Figuring out how to design the Corpus has been harrowing, to say the least. The thing I want is a 4-8B fine-tuned model that can hold Sapphire's sardonic, cold, witty persona, that also knows when to interleave itself into a Discord server conversation, and that can use tool calls to move around the server.
Something's been bothering me about the Corpus: every response it generates at the moment feels like Sapphire trying to land something witty. I probably need to add more texture to her responses than just witty dunks.
I think reframing the training responses as a multi-turn series instead of one-offs helps with figuring out the extra things that feel off.
Current derived strategy — response worthiness:
- Silent. (She has no desire to participate, and no one has requested her presence.)
- Back-channeling. (One-word responses, curt, acknowledging that she's listening and unamused.)
- Full response. (Actual replies. Wit isn't something that needs to be in every full response; instead it's rarer, and most of the corpus of her responses sits in the cold, indifferent register.)
This should help with actual conversation, where she doesn't just feel like a bit-machine. It's going to be difficult to figure out how all of this should interplay with mood, too.
According to some research, something important here is "conversation floors" — a concept sort of like conversation threads. Typically someone participates in only one, but people are able to keep track of multiple floors. Though it rarely rises above one floor.
On Cassie's recommendation, I'm having an expert agent for each axis and pitfall that we're training, so that a single agent can't forget anything. It's super easy for a single agent to miss several aspects, and I've had to go over its work multiple times to make sure it actually fixed them across different sessions.
Applying DRY to rules
There are multiple places where the rules must apply for each step in the training pipeline and corpus creation: generation, review, enumeration of expert agents, etc. Claude copied each rule over and over for each system. I guess the process of training is a codebase too. So I made it so that every place that needs the rules derives the rules and pitfalls from a single source of truth, instead of relying on a single MD file.
Another thing to pick apart: it's incredibly difficult during this process to do two things.
- Think of realistic situations for Sapphire to react to. Whenever I'm put in front of a training run to ask her things or simulate a real conversation, my mind just... blanks.
- Figure out what exactly feels wrong about a generated corpus response. I just realized that the thing I didn't like about the current generations was that the responses felt too... archaic and difficult to read. Sapphire is literate, but she shouldn't be confusing or difficult to understand.

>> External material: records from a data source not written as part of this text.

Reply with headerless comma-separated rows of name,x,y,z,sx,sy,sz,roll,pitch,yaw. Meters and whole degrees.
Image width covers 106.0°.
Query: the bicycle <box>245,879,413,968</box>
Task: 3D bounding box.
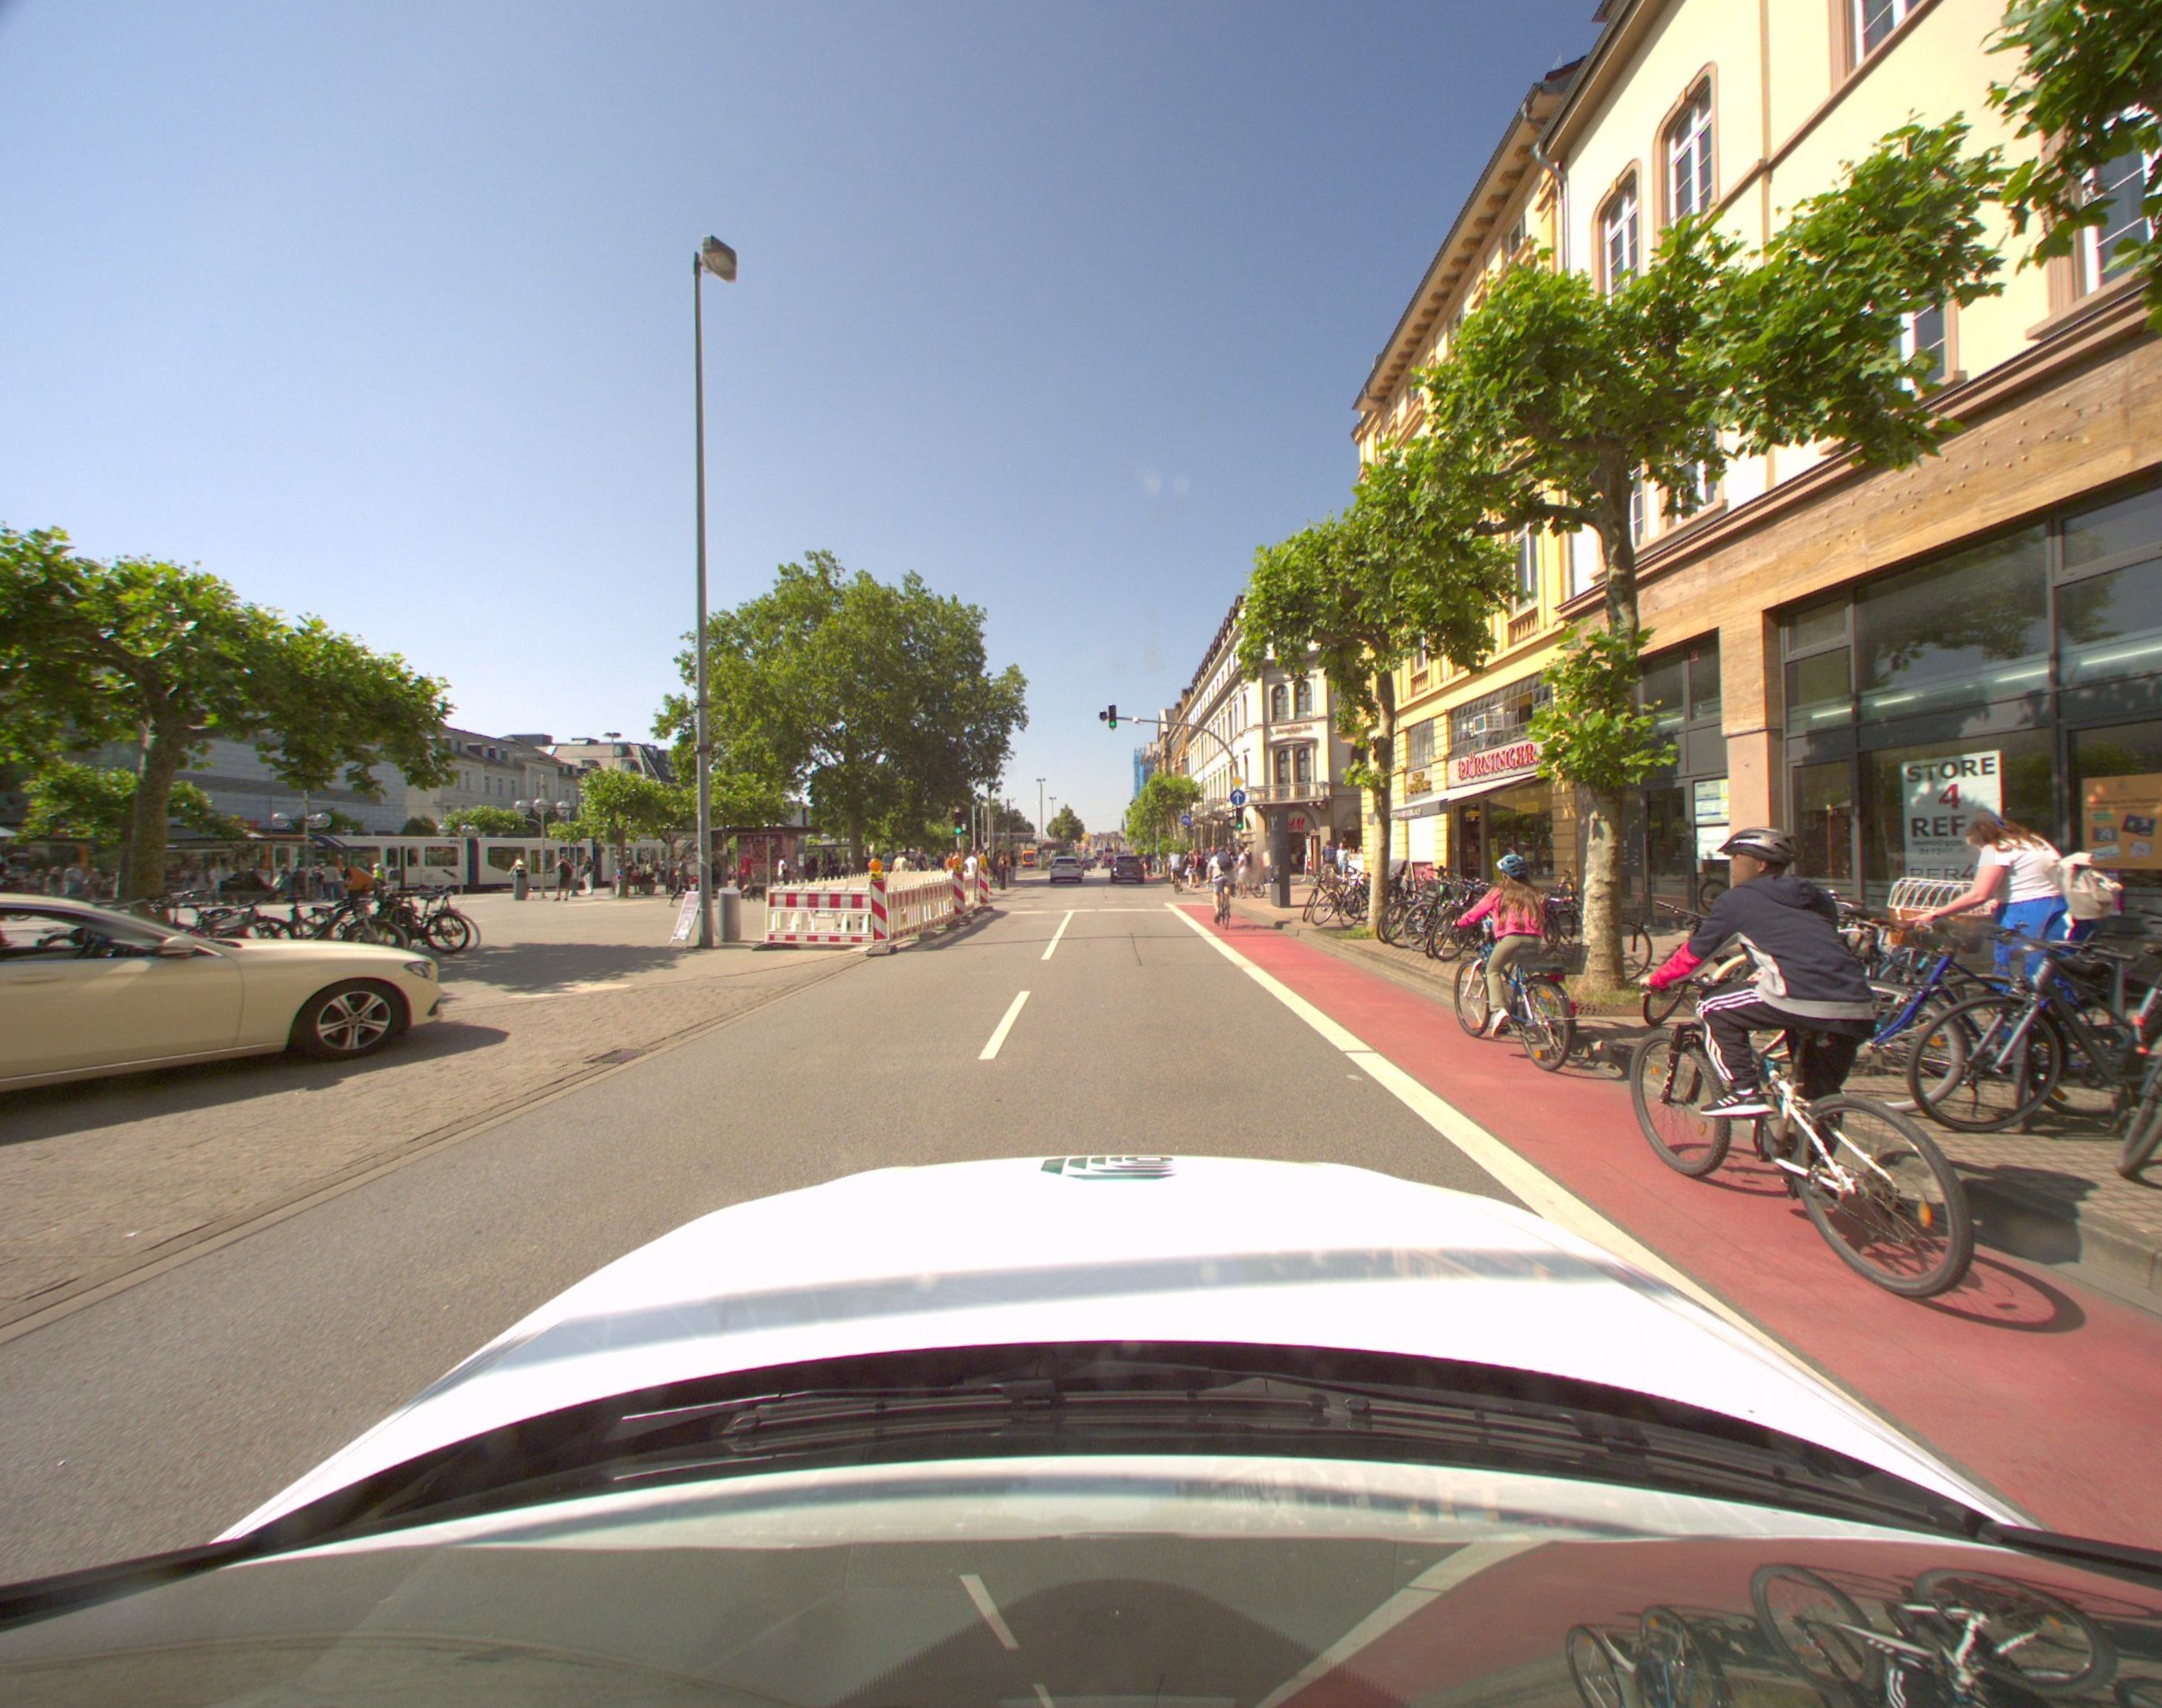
bicycle,-10.878,0.983,11.821,1.777,1.215,0.662,0,0,-2

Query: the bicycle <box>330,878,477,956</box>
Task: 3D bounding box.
bicycle,-10.874,1.004,13.117,1.777,1.185,0.662,0,0,-2

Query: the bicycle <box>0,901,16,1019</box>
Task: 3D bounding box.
bicycle,-11.292,1.031,7.646,1.777,1.132,0.562,0,0,-2

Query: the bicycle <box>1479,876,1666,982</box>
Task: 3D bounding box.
bicycle,5.287,0.796,8.827,1.642,1.095,0.607,-1,0,3

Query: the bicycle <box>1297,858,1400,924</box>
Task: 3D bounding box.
bicycle,5.412,0.727,16.490,1.938,1.257,0.701,0,0,-18

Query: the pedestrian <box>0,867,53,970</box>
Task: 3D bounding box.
pedestrian,-14.960,0.876,11.141,0.667,1.381,0.900,0,0,10

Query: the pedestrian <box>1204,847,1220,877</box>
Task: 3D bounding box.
pedestrian,7.586,0.480,47.113,0.613,1.705,0.672,-2,0,-27

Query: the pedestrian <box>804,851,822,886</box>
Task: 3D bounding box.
pedestrian,-14.418,0.782,43.813,0.627,1.810,0.618,-4,-2,21

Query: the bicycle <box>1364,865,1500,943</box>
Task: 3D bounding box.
bicycle,5.444,0.772,12.705,1.836,1.164,0.660,-1,0,3

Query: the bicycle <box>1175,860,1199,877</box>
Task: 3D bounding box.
bicycle,6.653,0.893,51.046,1.415,0.980,0.445,-2,0,2

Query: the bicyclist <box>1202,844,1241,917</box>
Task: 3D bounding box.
bicyclist,2.968,0.549,17.247,0.628,1.481,1.198,-1,0,1

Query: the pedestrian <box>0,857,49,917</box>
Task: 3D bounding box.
pedestrian,-28.140,0.860,21.560,0.799,1.561,0.605,1,-1,-4

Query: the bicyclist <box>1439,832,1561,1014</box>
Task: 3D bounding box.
bicyclist,3.298,0.511,6.464,0.598,1.357,0.721,-1,1,0

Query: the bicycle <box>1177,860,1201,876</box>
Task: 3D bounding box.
bicycle,6.819,0.889,51.504,1.415,0.980,0.445,-2,0,2

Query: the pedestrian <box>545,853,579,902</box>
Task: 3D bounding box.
pedestrian,-18.796,0.835,29.502,0.598,1.749,0.809,0,-1,33

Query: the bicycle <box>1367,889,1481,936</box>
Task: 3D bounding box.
bicycle,5.895,0.988,13.979,1.850,0.716,0.655,-1,0,-20

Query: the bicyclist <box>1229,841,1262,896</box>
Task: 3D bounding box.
bicyclist,5.522,0.490,27.325,0.577,1.797,0.848,-3,0,-33

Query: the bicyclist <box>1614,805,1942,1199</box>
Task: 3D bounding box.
bicyclist,2.832,0.545,3.398,0.696,1.440,0.790,1,0,-2

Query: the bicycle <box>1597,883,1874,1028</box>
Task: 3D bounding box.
bicycle,5.254,0.801,6.615,1.721,1.095,0.607,-1,0,3

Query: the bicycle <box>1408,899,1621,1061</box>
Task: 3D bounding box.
bicycle,3.309,0.898,6.474,0.598,0.926,2.087,-1,1,0

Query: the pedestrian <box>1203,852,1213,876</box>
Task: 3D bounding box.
pedestrian,9.543,0.767,61.227,0.626,1.791,0.612,-1,-1,1

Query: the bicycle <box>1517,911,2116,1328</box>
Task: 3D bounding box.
bicycle,2.824,0.887,3.542,0.696,1.127,2.080,1,0,-2

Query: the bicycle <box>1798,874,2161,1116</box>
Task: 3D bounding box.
bicycle,4.983,0.728,4.407,1.721,1.217,0.478,-1,0,3

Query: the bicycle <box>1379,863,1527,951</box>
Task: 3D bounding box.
bicycle,5.255,0.743,11.571,1.836,1.201,0.545,-1,0,3

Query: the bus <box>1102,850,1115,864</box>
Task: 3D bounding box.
bus,6.951,0.799,205.315,2.984,3.594,11.746,-1,-1,1

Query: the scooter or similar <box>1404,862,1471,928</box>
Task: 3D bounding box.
scooter or similar,6.660,0.743,15.248,0.422,1.178,1.224,0,0,-19

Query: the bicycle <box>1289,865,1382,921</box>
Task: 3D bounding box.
bicycle,5.417,0.819,17.371,1.777,1.122,0.562,-2,0,-2

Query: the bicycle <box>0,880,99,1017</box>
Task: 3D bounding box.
bicycle,-11.163,0.939,8.214,1.777,1.309,0.562,0,0,-2

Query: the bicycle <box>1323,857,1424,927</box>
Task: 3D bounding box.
bicycle,5.701,0.716,15.887,1.826,1.309,0.684,0,0,-19

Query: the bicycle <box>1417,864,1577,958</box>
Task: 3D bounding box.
bicycle,5.467,0.742,10.761,1.836,1.201,0.475,-1,0,3

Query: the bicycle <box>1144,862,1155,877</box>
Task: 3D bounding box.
bicycle,4.536,1.013,54.080,0.645,0.998,2.031,-1,0,1

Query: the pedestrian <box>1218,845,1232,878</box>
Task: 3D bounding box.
pedestrian,8.011,0.426,45.264,0.608,1.807,0.677,-1,-1,0

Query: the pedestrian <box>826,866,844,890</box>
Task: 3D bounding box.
pedestrian,-13.405,1.320,44.383,0.627,1.293,0.735,-1,-1,22

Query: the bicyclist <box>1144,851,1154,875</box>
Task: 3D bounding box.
bicyclist,4.529,0.613,54.295,0.645,1.551,0.818,-1,0,1

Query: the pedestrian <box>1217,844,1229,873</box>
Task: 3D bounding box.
pedestrian,8.971,0.301,51.404,0.673,1.791,0.612,-1,-1,1

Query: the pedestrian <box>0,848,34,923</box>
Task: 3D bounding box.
pedestrian,-26.238,0.763,19.764,0.800,1.799,0.605,1,-1,-5

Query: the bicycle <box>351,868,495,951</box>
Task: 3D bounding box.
bicycle,-11.154,0.923,13.847,1.777,1.348,0.740,1,0,-2

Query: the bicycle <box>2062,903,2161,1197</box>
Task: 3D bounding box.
bicycle,5.020,0.757,3.211,1.721,1.109,0.403,-1,0,3

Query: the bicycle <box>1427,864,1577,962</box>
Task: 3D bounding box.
bicycle,5.327,0.741,10.350,1.642,1.201,0.475,-1,0,3

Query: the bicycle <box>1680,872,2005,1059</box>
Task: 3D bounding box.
bicycle,5.197,0.742,5.619,1.721,1.217,0.478,-1,0,3

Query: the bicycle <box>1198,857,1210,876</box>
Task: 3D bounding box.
bicycle,7.635,0.789,50.437,0.396,1.114,1.433,-2,1,22

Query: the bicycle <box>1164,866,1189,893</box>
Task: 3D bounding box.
bicycle,3.863,1.021,33.034,0.771,1.006,2.330,-1,0,2

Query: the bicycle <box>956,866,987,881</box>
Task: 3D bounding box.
bicycle,-7.587,1.324,56.421,2.082,0.980,0.682,-1,-1,-10

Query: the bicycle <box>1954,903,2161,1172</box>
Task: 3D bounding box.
bicycle,5.008,0.787,3.625,1.721,1.109,0.403,-1,0,3

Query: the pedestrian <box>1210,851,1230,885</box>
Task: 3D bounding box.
pedestrian,7.839,0.768,45.979,0.608,1.805,0.677,-13,-1,-1

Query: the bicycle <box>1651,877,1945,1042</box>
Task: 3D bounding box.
bicycle,5.321,0.769,6.103,1.721,1.162,0.478,-1,0,3

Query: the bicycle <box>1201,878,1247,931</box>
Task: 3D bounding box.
bicycle,2.972,1.023,17.111,0.628,0.980,2.089,-1,0,1

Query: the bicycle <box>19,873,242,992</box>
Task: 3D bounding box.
bicycle,-11.040,0.891,9.502,1.777,1.309,0.662,0,0,-2

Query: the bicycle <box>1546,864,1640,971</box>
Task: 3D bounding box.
bicycle,6.320,0.737,10.136,0.469,1.188,1.660,-1,0,13

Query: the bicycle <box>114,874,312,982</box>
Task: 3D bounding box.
bicycle,-11.080,0.926,10.436,1.777,1.309,0.662,0,0,-2

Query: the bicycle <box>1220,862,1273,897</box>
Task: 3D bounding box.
bicycle,5.540,0.850,27.328,0.604,1.082,1.820,-3,0,-33

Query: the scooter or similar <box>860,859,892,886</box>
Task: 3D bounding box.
scooter or similar,-10.994,0.979,43.708,1.264,1.421,1.045,-1,-1,32

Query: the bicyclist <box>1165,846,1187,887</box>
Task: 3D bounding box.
bicyclist,3.848,0.496,33.017,0.771,1.635,0.851,-1,0,2

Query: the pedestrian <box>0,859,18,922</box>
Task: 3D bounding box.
pedestrian,-30.630,1.021,22.820,0.799,1.749,0.605,1,-1,-4

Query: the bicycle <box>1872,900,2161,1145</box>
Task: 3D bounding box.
bicycle,5.056,0.803,4.044,1.721,1.109,0.478,-1,0,3

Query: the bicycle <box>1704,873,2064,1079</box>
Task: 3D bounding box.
bicycle,4.997,0.739,5.132,1.721,1.217,0.478,-1,0,3

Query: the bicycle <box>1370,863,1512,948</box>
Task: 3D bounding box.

But notice this is the same structural problem as the wit-skew from earlier. There too, a trait (sardonic) bled into every surface of the output (always dunking). Here a trait (ancient) is bleeding into the prose texture (archaic). It's the same failure mode: a personality attribute that should live in stance is leaking into register because the corpus doesn't separate them. Which suggests the deeper fix isn't "make her less archaic" — it's that your disentanglement isn't clean between who she is and how the words read. That's the Zhu lexical/syntactic/pragmatic split again: archaic-ness is a syntactic-and-lexical property, and you want it dialed near zero while the pragmatic layer (sardonic, ancient-weary) stays high.
— Opus 4.8
AH! I finally figured out what was wrong with the corpus. The entire time, because of the focus on "knowing things in her own domain," every single scenario was a setup for her to correct people and answer questions — which is not what I want her doing all the freaking time. I just wanted her to specifically know the things in her facts, not to be an FAQ machine.
It feels like I'm making some progress now that not every single response is contraction-less and full of witty remarks at every turn. Giving her dry turns, flat turns, neutral turns, flat refusals, and silence makes her feel much more textured and real. I'm still in corpus creation, but it's starting to feel better now. As I continue to evaluate the corpus samples, it seems like the best thing I can do is identify patterns that shouldn't be there. I just realized that right now, with the modern reframe, it frames every single situation as if it's happening live on a stream.
It's very strange feeding it a bunch of research and not reading it, but if I can get myself the Sapphire I want, I'll be happy — and I can dig back in if I start generalizing toward more personalities.
Ok, it looks like after 35 iterations, with a bunch of automatically defined programmatic and voice evals, it landed on a bake that satisfies as much as it can. It looks like the sharp wittiness is the part that's genuinely hardest to get out of a 4B model. I'm going to evaluate the voice myself later when I get home! It tried out a bunch of strategies to pull out the wittiness — like up-ranking good responses and down-ranking bad responses in the bake to encourage the behavior, only up-ranking good responses, and a few other strategies. But the only reliable one was having something like Opus rank responses at generation time. And that would completely defeat the point of training a 4B model, lol.